EXERT FROM APPENDIX 1 from Don Featherstone's Battles With Model Soldiers
(The book that got me started.)

"Nothing in these pages is a dictate, no word says you must or you shall do it this way. On the contrary, the book sets out from the very beginning to stimulate the reader to think for himself, and to use what he has read merely as a foundation for efforts and ideas which reflect his own temperament and character. Only in this way will he obtain maximum satisfaction from the hobby of battling with model soldiers."

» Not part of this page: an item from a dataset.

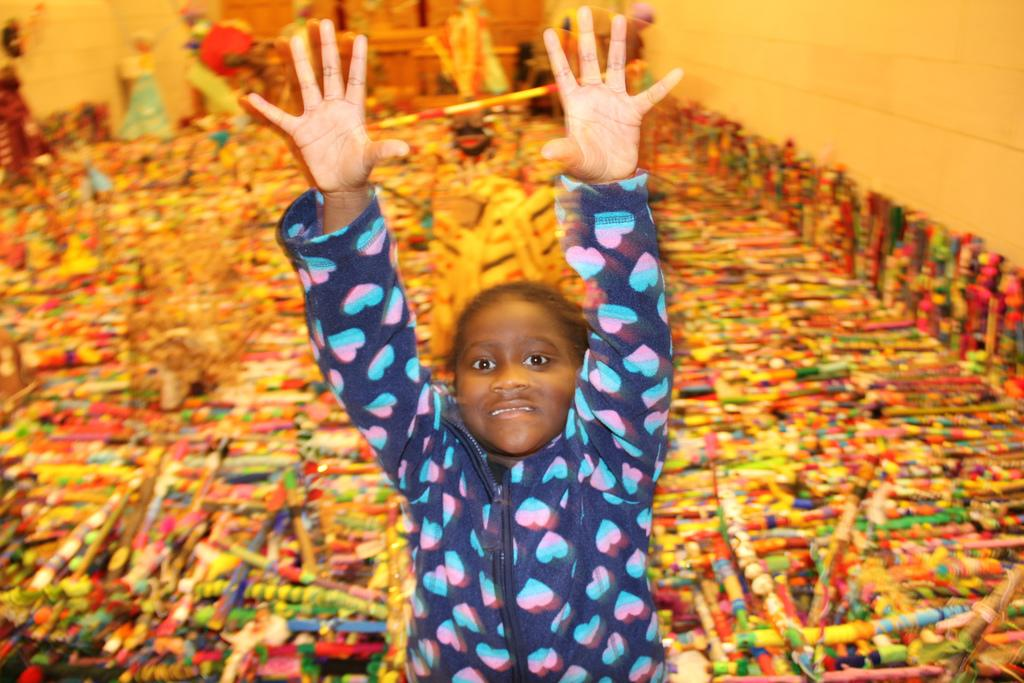Who is the main subject in the image? There is a person in the center of the image. What is the person wearing? The person is wearing a blue jacket. How is the person positioned in the image? The person appears to be standing. What can be seen in the background of the image? There are colorful objects and a wall visible in the background of the image. What type of zipper can be seen on the person's jacket in the image? There is no zipper visible on the person's jacket in the image. What treatment is the person receiving for their condition in the image? There is no indication of any medical condition or treatment in the image.

-Don Featherstone 1918 - 2013

Friday, December 11, 2015

A Bit More about Oerberg

I've not had quite as much hobby time as I hoped this week and there have been too many things needing doing. Work on repainting the grid is about 1/2 done (the delay being a mix of wrapping and trying to decide how best to represent the terrain in Oberhilse and  the Cyprus Hills) but I haven't started on the hills yet.  The early 20th C Colonial rules module of The Tin Army is well started but mostly as notes. After a year of dithering over period, side and uniform, the Scruby Reb Infantry are finally painted but the first unit of  cavalry is still being assembled.

Oom Bob addresses The Clerk's Battalion, a volunteer unit of infantry , before they entrain and move to the Front.
I also got some more of the back story done.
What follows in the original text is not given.